The American Bar Association, whose oversight (or lack thereof) of law schools is supposedly in the interest of law students, seems up to its old tricks, i.e., being little more than a shill for law schools. The latest proposal from the ABA is to eliminate the requirement that at least half of law school upper-level courses be taught by full-time faculty.
Where have we seen this before? Basically in all of undergraduate education, where the vast majority of faculty positions are no longer tenure-track or full-time. It would be hard to defend the proposition that the quality of undergraduate education has improved since those moves, and I know of no one who has brought forward data to show it.
What has improved are undergraduate institutions’ retained income. And that’s what’s behind this proposal as well. As law schools increasingly struggle, they are looking to improve their bottom lines and would like the ABA to put a fig leaf on that.
A more reasonable conclusion is a fair number of law schools probably should go out of business. Their employment numbers aren’t very good, the legal profession is changing—itself providing fewer full-time jobs—and the cost of law school tuition continues to skyrocket, leaving a swath of students with unmanageable debt and not much of a career. All that has been written about for years—but nothing has changed, and that’s partly the ABA’s responsibility. It professes to regulate in the best interests of law students and then it doesn’t. It’s even strange, in my view, that there is not a 50% (or higher) requirement for lower-level courses—you know, the ones that are foundational to the upper-level courses. But that battle was lost long ago.
Even the normally sober Law School Transparency project has decided not to object to this latest proposal, on the grounds that “Part-time teaching resources are a real opportunity to bring down the costs of legal education, while satisfying the demands of the practicing bar,” while recognizing that “it also has the potential to create an army of aimless, well-intentioned adjuncts.”

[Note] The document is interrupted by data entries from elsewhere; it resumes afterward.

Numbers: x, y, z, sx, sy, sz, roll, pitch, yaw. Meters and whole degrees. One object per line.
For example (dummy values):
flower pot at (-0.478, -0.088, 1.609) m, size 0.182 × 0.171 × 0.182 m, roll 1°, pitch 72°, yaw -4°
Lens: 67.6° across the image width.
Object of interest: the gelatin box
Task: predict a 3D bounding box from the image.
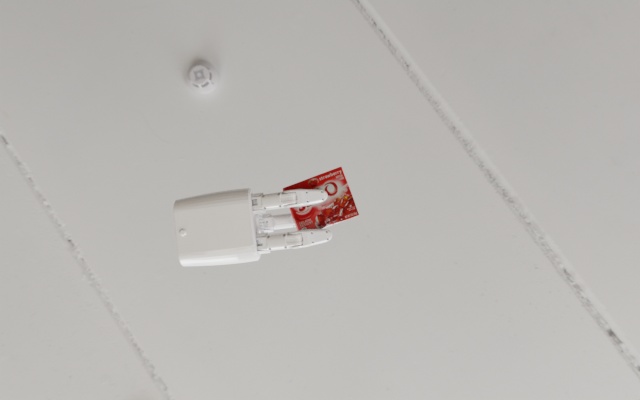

And what do the data show? Do they show that when undergraduate education did the same thing, tuition costs decreased? They do not. Anyone who has attended college in the last 30 years can attest to that. To believe that law schools will limit increased tuition (or even decrease it) in any proportion close to their declining faculty costs is an empty hope and doesn’t recognize that law schools, non-profit or otherwise, are businesses that are interested in making money for their institutions and constituencies already on the ground—the facilities, administration, full-time faculty, etc. If this proposal were coupled with a hard limit on tuition increases, ok. But it isn’t. It’s a giveaway.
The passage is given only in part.